Congenital venous angiomas are usually incidentally detected on imaging.¹⁰ However, they can lead to lesional hemorrhage/bleeding (in 1-5%), and can be associated with ischemic stroke and seizures. A venous angioma is an intertwined vascular formation that undergoes enlargement, inciting inflammatory process in the affected brain tissue.¹¹ MRI shows a tangle of small vessels (may look like the spokes of a wheel) with a prominent cortical draining vein (giving a caput medusae sign).⁸ Although catheter angiography remains the gold standard in evaluation of vascular malformations, however, SWI/SWAN imaging offers improved sensitivity in detecting low-flow vascular malformations that were invisible on routine gradient-recalled echo (GRE) sequences. Also, SWI/SWAN imaging is found to be helpful in separating nidus from hemorrhage and calcification.¹² Developmental venous anomalies when isolated require no treatment, and complication rate is extremely low (about 0.15% in a year) mostly due to sudden thrombosis or occlusion of collecting vein, resulting in venous infarction and bleeding.⁶ If part of a mixed vascular malformation (i.e., associated with a cavernoma), then treatment is predicated on the other component.
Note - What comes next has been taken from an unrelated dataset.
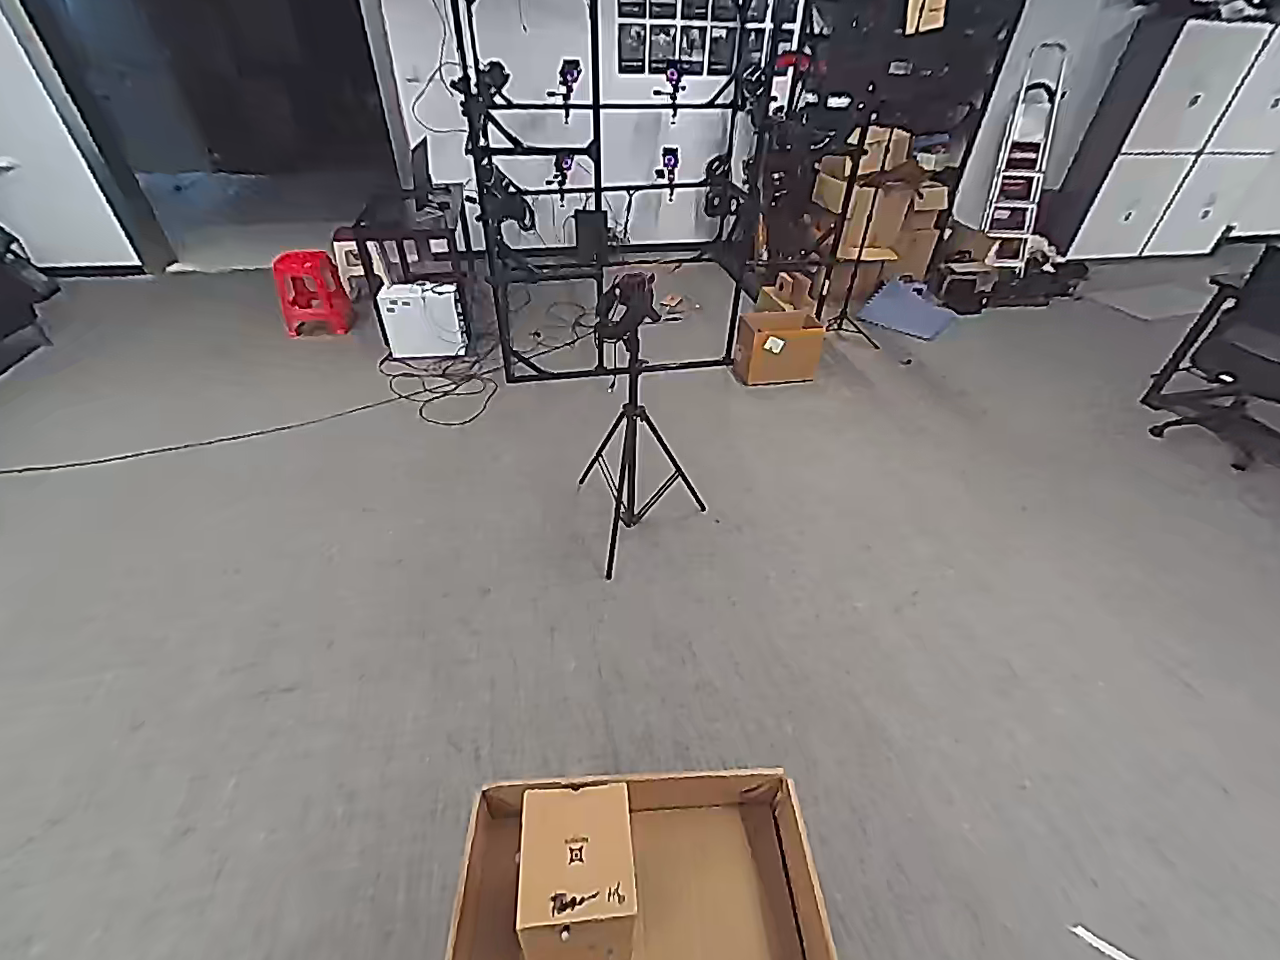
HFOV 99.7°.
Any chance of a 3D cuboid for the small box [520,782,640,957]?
[{"bbox_3d":[-0.093,0.604,0.842,0.168,0.176,0.179,-1,38,-6],"label":"small box"}]

Currently, susceptibility-sensitive imaging is in use for traumatic injury, stroke, vascular abnormalities, hemorrhagic cerebral lesions, demyelinating diseases, and congenital conditions.^13-20 In demyelinating diseases like MS, white matter lesions are seen to be located close to small veins (peri-venular/central vein sign).¹⁴ Also, in cases of polymicrogyria (a developmental cortical abnormality), abnormalities of cortical veins have been demonstrated by this imaging.¹⁹ We strongly feel that SWI/SWAN imaging needs to be incorporated as a regular sequence in conventional brain imaging to identify small vascular malformations that can sometimes be a cause of focal seizures particularly when an epileptic focus is suspected on electroencephalogram (EEG). The MR imaging detected and symptomatic DVA can be treated surgically.²¹ However, our study was focused on the identification of DVA being a cause of seizures that might not be associated with adjacent parenchymal abnormality or surgically treated. Kim Br and colleagues²² focused on the presence of venous anomaly (VA) in children, the distribution of VA, and forms of epilepsy.Although they included gradient imaging in their MRI studies, however, did not specifically indicate the role of this sequence in isolation for the identification of such lesions in screening or first MRI.

Limitations to our study include a retrospective small sample size and a single-center study. Not every patient who was found to have venous angioma in the brain underwent routine angiography possibly because of the smaller size and relatively less severity of symptoms. Larger prospective studies are needed to incorporate subgroups of epilepsy in both pediatric and adult age groups presenting with seizures while evaluating SWI/SWAN for identifying vascular malformations and simultaneously correlating these findings with the clinical and EEG patterns.